Characterizing skin mucus barrier properties of Atlantic salmon by the use of multiple particle tracking

Due to the increasing demand of fish as a source of protein worldwide, commercial aquaculture is rapidly expanding. Farmed fish are however exposed to stressful situations, and bacterial infections represent a significant problem. As antimicrobial treatments are not considered a sustainable alternative of treatment, it is imperative to develop new preventative practices. The mucus layer that cover fish integument represents the first line of defence against pathogen invasion, and knowledge of its barrier properties is considered to be of great importance in the attempt to develop such preventative practices. This thesis investigates the barricading properties of germ free and conventional raised Atlantic salmon fry through multiple particle tracking of particles and bacteria in ex vivo and in vitro mucus models.

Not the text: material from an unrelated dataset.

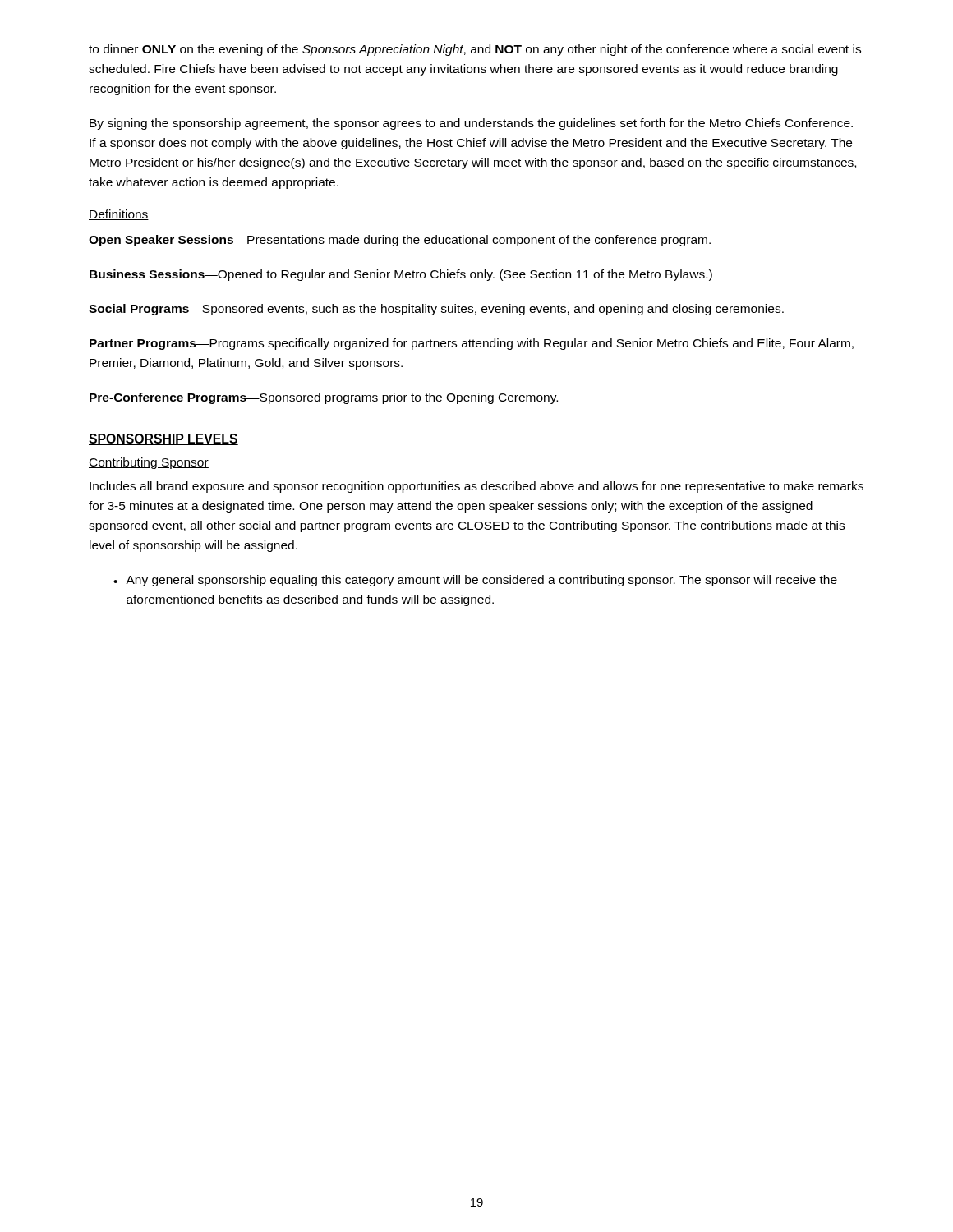Point to the text block starting "By signing the"

[473, 152]
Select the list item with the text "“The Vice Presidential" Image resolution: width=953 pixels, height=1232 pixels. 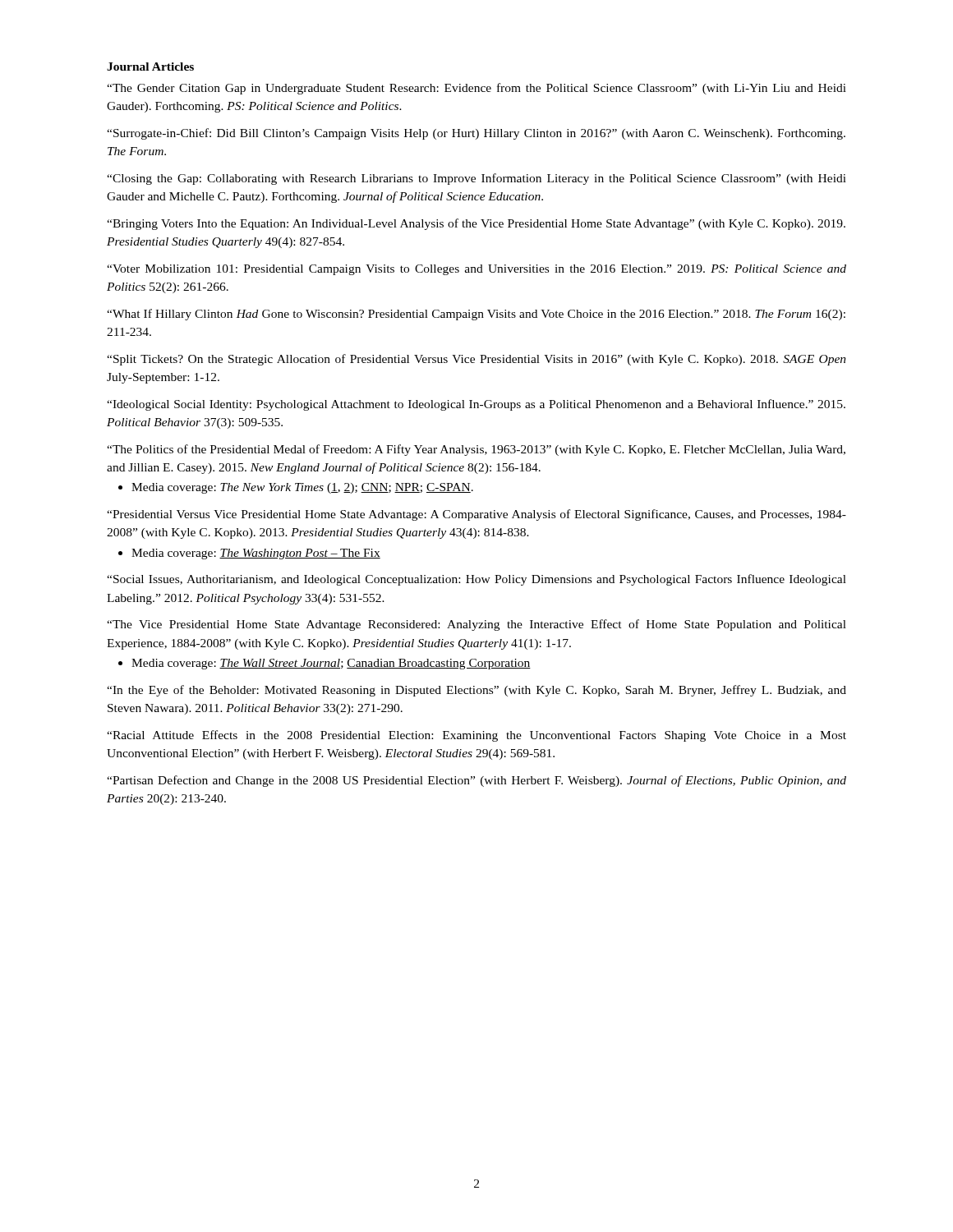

To examine mucus adhesive and viscoelastic properties at bacterial length scales the barrier properties of germ free and conventional raised fish skin mucus to particle transport were investigated. The significance of surface chemistry on particle diffusion was explored by using negatively charged carboxylated nanoparticles and PEGylated nanoparticles of the same size (1µm). Particle transport was found to be significantly dependent on surface charge, with PEGylated particles showing less restricted mobility on both germ free and conventional raised fish skin mucus. Further, the PEGylated particles did not exhibit mobility-patterns corresponding to that of Brownian motion, indicating that bacterial mobility was likely to be restricted by both charge interactions and physical obstruction by the mucus mesh.
Germ free and conventional raised fish were incubated for 24 hours and 72 hours to examine bacterial movements and determine how prolonged incubation time affected mucosal barrier properties. Bacterial mobility was found to be severely restricted in both germ free and conventional raised fish after 24 hours of incubation compared to their mobility in tryptic soy broth, reflecting mucosal barricading properties to bacteria. Further, the bacteria were found to have increased mobility on germ free and conventional raised fish after 72 hours of incubation, indicating a reduction in mucus viscosity. Z-stack analysis further showed an increased mean distance between the bacteria and the fish skin, suggesting an increase in mucus volume. Bacteria on germ free fish was found to have less restricted mobility at both incubation time-points, compared to the conventional raised fish, indicating that mucus commensal bacteria influence mucus barrier properties.
Bacteria and particles were also tracked in vitro in collected mucus secretions from conventional raised and germ free fish, to examine how it resembled mucus properties found through the ex vivo tracking. Particle tracking revealed that the collected mucus samples were generally of a less viscous character than in the ex vivo tracking`s. The in vitro tracking in collected mucus from germ free fish was found to be more similar with the ex vivo tracking on germ free fish skin mucus, compared to the conventional raised in vitro and ex vivo tracking’s. In vitro bacterial tracking’s revealed the same trend. Tracking`s conducted on collected mucus from germ free fish was found to have similar barricading properties as the ex vivo tracking`s on germ free fish incubated for 72 hours indicated. These observations further confirmed the reduced viscosity of germ fry mucus, and are indicative of reduced barrier properties in the germ free fish.